Güçlü dripling sonrası dış şut tehdidi, penetre sonrası asist kalitesi ve topsuz oyundaki pozisyon bilgisi, Fenerbahçe hücumlarının yapı taşlarından biri olmasını sağladı. Koç Jasikevicius’un set temposunu bozmadan oynayan Guduric, özellikle 4. çeyreklerde sıkça sorumluluk alarak “gizli yıldız” olarak öne çıktı. Bu sene azalan top kaybı da çok
net şekilde oyununa ve verimliliğine yansıdı.
Savunma yönü ise bu sezon belirgin biçimde gelişmiş durumda. Çabuk ayakları ve uzun kollarıyla pas kanallarını kapatabilen Guduric, bire birde karşısındaki oyuncuyu yönlendirme becerisiyle de koçların güvenini kazandı. Fenerbahçe’nin sezon boyunca yaşadığı inişli çıkışlı periyotlarda istikrarı koruyan nadir oyunculardan biri olan Guduric, bu yönüyle Final Four hedefinin en önemli parçalarından biri oldu.
Final Four’da olgun oyununu nasıl yansıtacağı ve takımın efsane önderlerinden biri olabilmesi hususunda ciddi bir fırsat var. Her ne kadar Final 4’a katılım ile sözleşmesi bir sene uzadı haberleri çıksa da uzun süreli bir sözleşme ve ana rol ile takımda kalması durumunda, önümüzdeki sezonda da liderlik misyonunu başarı ile sürdürmesi bekleniyor.
SOKAKTAN SAHNEYE
KENDRICK NUNN
(PANATHINAIKOS)
NBA’den Avrupa’ya transferiyle gündeme oturan Kendrick Nunn, Panathinaikos’ta geçirdiği ilk EuroLeague sezonunda kısa sürede liderliğe yükseldi.
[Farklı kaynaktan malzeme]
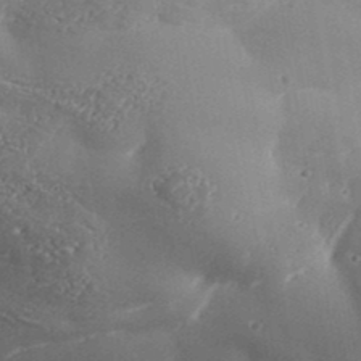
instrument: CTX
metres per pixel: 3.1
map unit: Aa
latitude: 33.6316
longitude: -134.8758
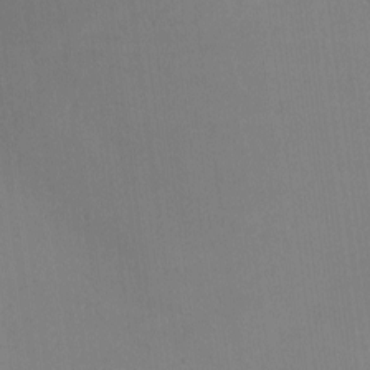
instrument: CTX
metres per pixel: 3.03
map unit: lAa
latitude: -10.4629
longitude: -124.2711
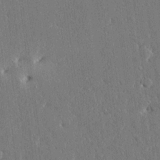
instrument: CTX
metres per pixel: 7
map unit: Ave
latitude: 16.3467
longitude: -140.1199
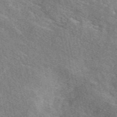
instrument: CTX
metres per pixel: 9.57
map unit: eAb
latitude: 48.4979
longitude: 119.8233
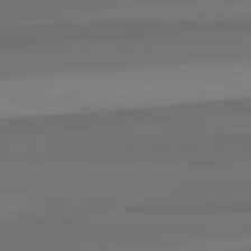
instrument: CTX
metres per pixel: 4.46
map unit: lApd
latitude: 82.8380
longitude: 164.8975
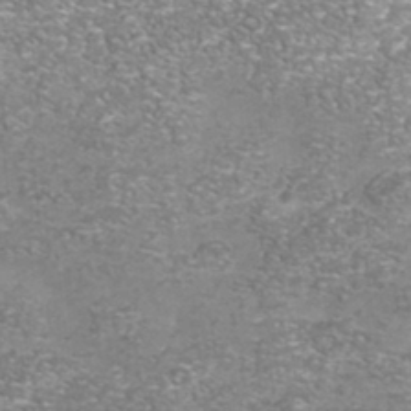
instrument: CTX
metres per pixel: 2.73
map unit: Nhu
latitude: -41.3698
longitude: -85.2348
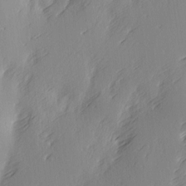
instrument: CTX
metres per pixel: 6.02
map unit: Ave
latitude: 2.5357
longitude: -111.4805
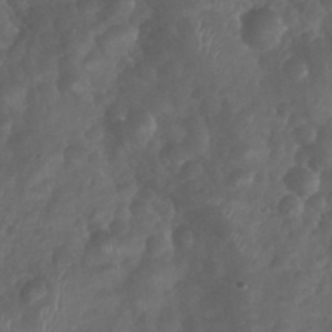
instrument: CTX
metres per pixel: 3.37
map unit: Nhu
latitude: 28.7624
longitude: -56.4601
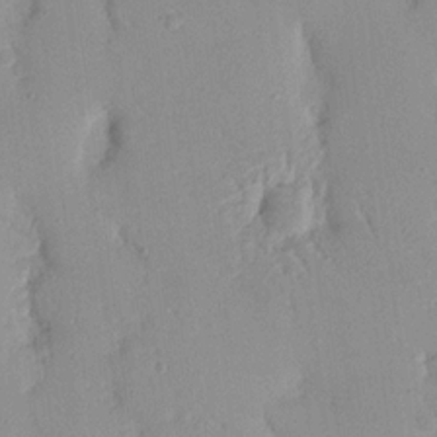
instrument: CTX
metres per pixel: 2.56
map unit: Nhu
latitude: 16.5924
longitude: -78.7435
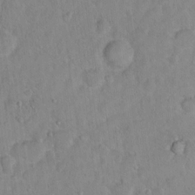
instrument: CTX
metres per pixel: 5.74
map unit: Hto
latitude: 13.1025
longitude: -37.1026
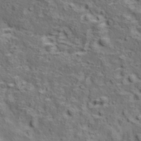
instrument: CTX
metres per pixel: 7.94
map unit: Ave
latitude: 11.4238
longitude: -104.9892
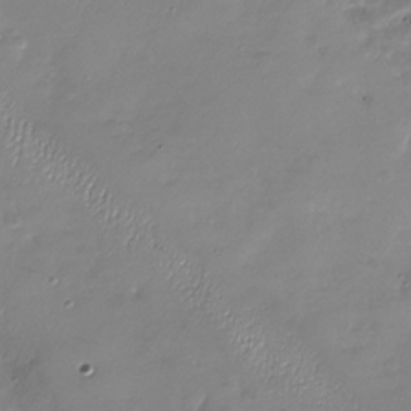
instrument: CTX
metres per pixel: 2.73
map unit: Nhu
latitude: -28.0850
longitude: -59.0647

Kritik anlardaki soğukkanlılığı ve bireysel yaratıcılığıyla takımının kaderini değiştiren isim oldu. Nunn sahadaysa, Panathinaikos her zaman oyunun içindeydi.
BURÇİN BADEM
NBA’den Avrupa’ya transferi büyük ses getiren Kendrick Nunn, Panathinaikos formasıyla geçirdiği ilk EuroLeague sezonunda hem skorer kimliğiyle hem de liderliğiyle dikkatleri üzerine çekti.
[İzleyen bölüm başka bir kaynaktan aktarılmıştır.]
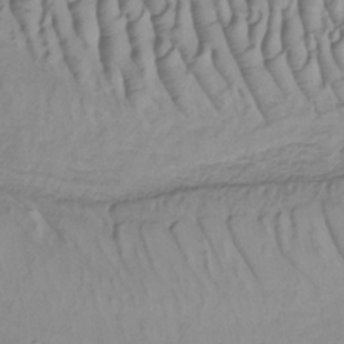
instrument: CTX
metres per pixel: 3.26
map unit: lHb
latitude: -33.8423
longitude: 67.7855
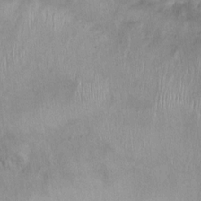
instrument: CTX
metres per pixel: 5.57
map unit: Ht
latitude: 6.0444
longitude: -36.3467
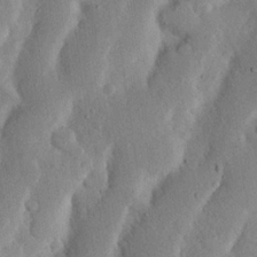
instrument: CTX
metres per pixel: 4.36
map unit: Nhu
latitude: 19.8016
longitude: -75.1403
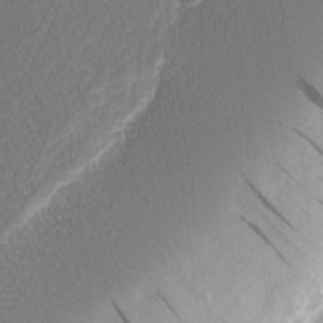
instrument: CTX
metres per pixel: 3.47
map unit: Nhu
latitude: 1.7638
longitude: -77.5560
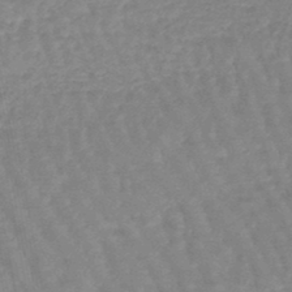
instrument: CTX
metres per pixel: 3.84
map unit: eHb
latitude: -45.4643
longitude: 80.1039
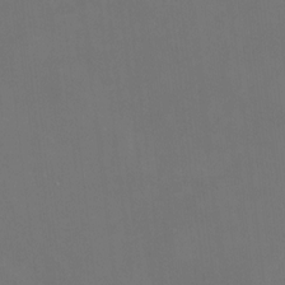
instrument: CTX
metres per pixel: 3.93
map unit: HNhu
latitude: 7.8205
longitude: 9.7100
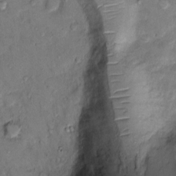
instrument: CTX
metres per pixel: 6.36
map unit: Ht
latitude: -3.0297
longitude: -14.5546
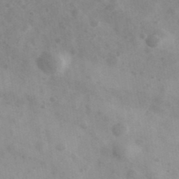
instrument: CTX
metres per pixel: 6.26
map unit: Ave
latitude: 38.9514
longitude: -107.2915
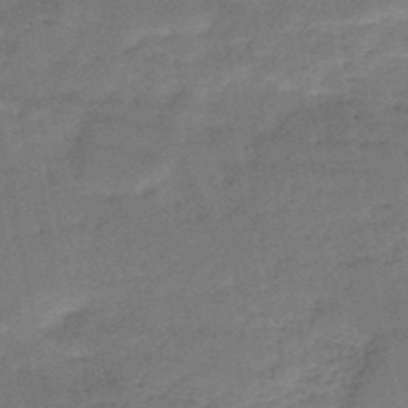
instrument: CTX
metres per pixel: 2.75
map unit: HNb
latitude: -50.7652
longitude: -39.4615
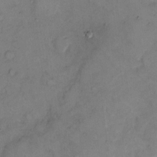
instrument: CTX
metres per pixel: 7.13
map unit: eHh
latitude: 8.4412
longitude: -62.5546
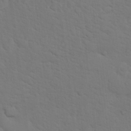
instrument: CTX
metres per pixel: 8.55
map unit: Hto
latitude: 18.5545
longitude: -33.8583
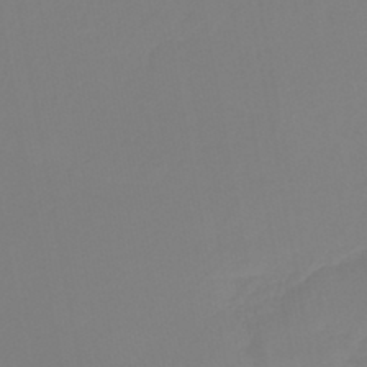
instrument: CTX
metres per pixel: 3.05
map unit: lHb
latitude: -44.9920
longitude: 55.7478
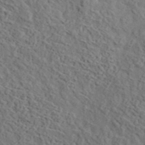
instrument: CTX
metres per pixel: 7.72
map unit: lHvf
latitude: 36.8002
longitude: -87.4993
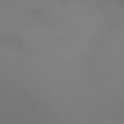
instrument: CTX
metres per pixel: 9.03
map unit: Ht
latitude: -5.6722
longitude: -24.8569
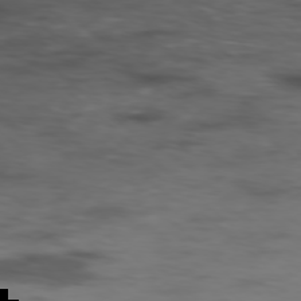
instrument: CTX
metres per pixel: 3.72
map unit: Hpe
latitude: -78.6707
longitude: 14.9353
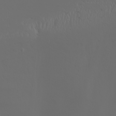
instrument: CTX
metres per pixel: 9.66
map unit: Nhu
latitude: -4.9163
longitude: -90.7246
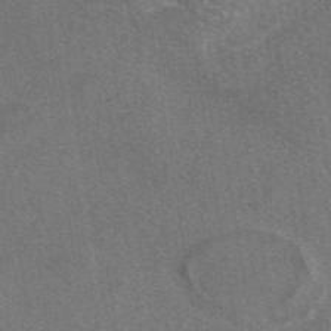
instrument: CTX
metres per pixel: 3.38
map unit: eAb
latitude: 48.4601
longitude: 115.0675
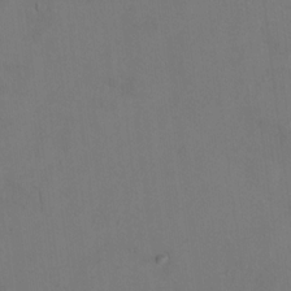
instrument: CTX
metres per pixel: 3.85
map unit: Ht
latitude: 10.4223
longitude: -32.2145
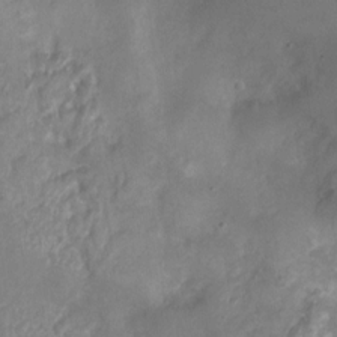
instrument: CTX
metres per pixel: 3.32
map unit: Nhu
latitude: 4.5735
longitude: -18.3467
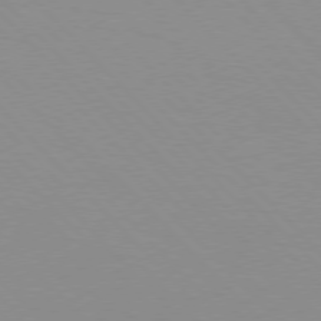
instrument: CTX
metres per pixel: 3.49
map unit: lApd
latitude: 76.4223
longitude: -85.2159
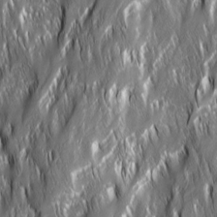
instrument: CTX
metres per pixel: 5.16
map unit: Ave
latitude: 15.1781
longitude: -135.0836
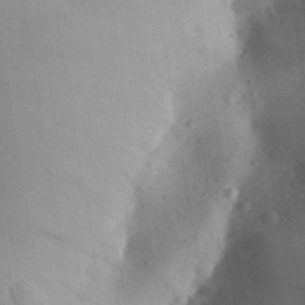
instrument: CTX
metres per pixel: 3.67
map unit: Aa
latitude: 30.0822
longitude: -145.2915
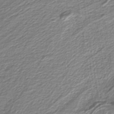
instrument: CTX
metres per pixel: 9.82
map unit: eAb
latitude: -39.6155
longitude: 52.3306
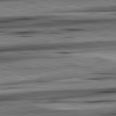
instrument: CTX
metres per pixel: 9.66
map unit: lApd
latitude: 82.5167
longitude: 160.7274
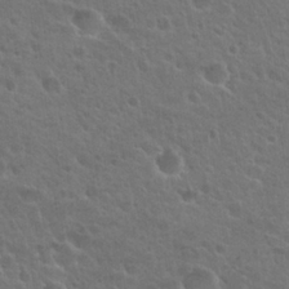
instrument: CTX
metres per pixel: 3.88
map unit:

EuroLeague’e adım attığında üzerinde ciddi bir beklenti yükü vardı. Panathinaikos’un yeniden yapılanma sürecinde, Nunn'a düşen sorumluluk farklı ve büyüktü. Bu yeni yolculuk, Miami Heat’teki tecrübesinden farklı, başka bir “sıcaklık” barındırıyordu.
EuroLeague macerasına 7. haftadaki Alba Berlin deplasmanında başlayan Kendrick Nunn’un, tam anlamıyla sahneye çıkışı 14. ve 15. haftalarda Fransa deplasmanlarında gerçekleşti. Kısa sürede adaptasyon sağlayan oyuncu, sadece 30 gün içinde takımın hem lideri hem de Yunan taraftarların sevgilisi hâline geldi.
Gerçek anlamda süre aldığı 26 maçta; 16.2 sayı, 4.6 asist ve 2 top çalma ortalamaları yakalayan yıldız guard, özellikle son çeyreklerdeki soğukkanlılığıyla birçok maçın kaderini değiştirdi. Mathias Lessort ile birlikte, kulübün iki çılgın lideri Giannakopoulos ve Ergin Ataman’ın sahadaki karşılığı oldular.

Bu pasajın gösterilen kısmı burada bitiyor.